* Data for review

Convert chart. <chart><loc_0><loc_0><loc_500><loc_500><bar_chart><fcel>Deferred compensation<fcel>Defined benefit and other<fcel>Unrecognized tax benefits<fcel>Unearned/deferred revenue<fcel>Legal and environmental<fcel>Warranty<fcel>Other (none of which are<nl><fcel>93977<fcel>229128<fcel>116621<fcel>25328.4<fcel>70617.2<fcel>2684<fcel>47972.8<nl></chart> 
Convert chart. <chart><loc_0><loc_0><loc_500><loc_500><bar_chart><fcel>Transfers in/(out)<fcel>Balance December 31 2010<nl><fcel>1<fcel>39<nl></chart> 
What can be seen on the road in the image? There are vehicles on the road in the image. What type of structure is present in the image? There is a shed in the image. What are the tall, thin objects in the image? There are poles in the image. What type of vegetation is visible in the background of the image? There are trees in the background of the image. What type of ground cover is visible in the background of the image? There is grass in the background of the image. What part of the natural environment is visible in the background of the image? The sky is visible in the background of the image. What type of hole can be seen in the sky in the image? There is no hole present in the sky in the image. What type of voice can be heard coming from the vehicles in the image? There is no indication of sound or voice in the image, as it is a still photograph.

---

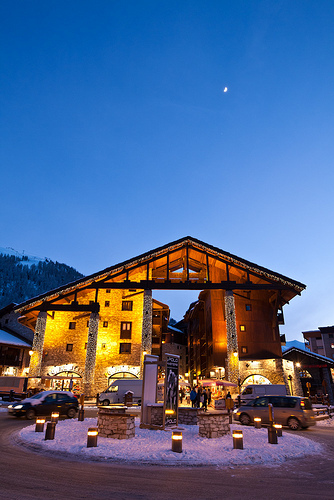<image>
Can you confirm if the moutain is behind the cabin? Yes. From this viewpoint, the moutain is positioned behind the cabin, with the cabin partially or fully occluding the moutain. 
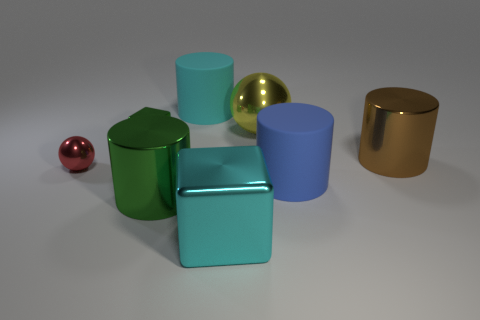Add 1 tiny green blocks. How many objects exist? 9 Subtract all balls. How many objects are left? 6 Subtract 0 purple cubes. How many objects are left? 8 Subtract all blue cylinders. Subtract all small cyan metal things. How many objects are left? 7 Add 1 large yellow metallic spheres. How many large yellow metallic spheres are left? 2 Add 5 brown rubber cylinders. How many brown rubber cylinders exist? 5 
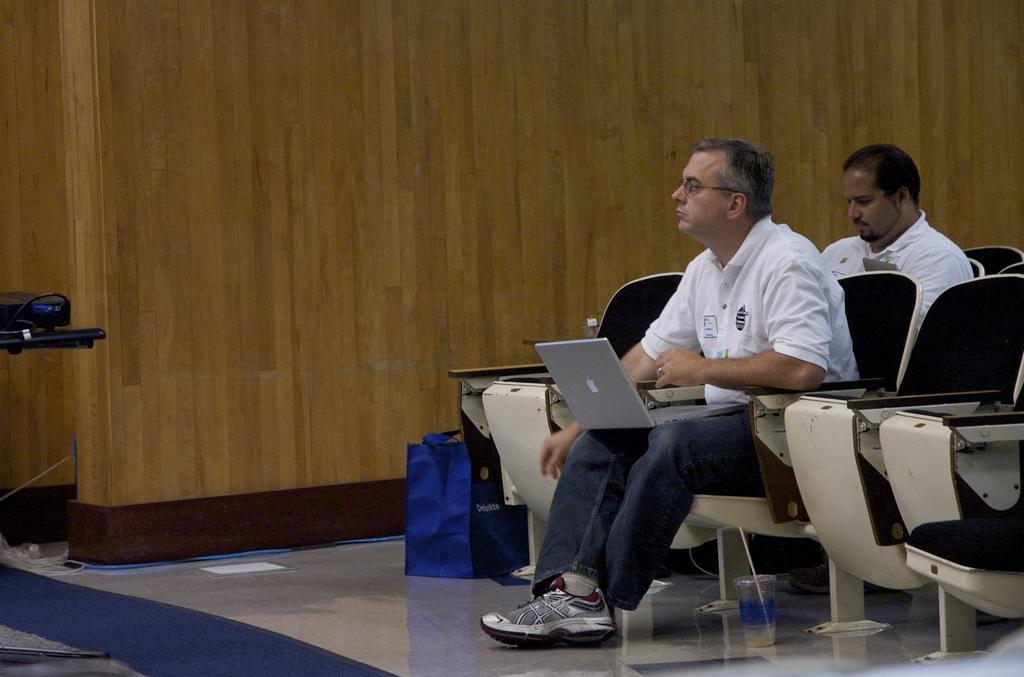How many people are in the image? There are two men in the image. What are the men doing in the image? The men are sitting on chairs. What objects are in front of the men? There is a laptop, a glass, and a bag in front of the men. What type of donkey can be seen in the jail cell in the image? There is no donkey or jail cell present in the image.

* Task objective
Look above for the line holding "compensation<fcel>Defined benefit and", then set down exactly that line and every line after it up to and including the line holding "December 31 2010<nl><fcel>1<fcel>39<nl></chart>", with nothing else.

* Exercise output
Convert chart. <chart><loc_0><loc_0><loc_500><loc_500><bar_chart><fcel>Deferred compensation<fcel>Defined benefit and other<fcel>Unrecognized tax benefits<fcel>Unearned/deferred revenue<fcel>Legal and environmental<fcel>Warranty<fcel>Other (none of which are<nl><fcel>93977<fcel>229128<fcel>116621<fcel>25328.4<fcel>70617.2<fcel>2684<fcel>47972.8<nl></chart> 
Convert chart. <chart><loc_0><loc_0><loc_500><loc_500><bar_chart><fcel>Transfers in/(out)<fcel>Balance December 31 2010<nl><fcel>1<fcel>39<nl></chart> 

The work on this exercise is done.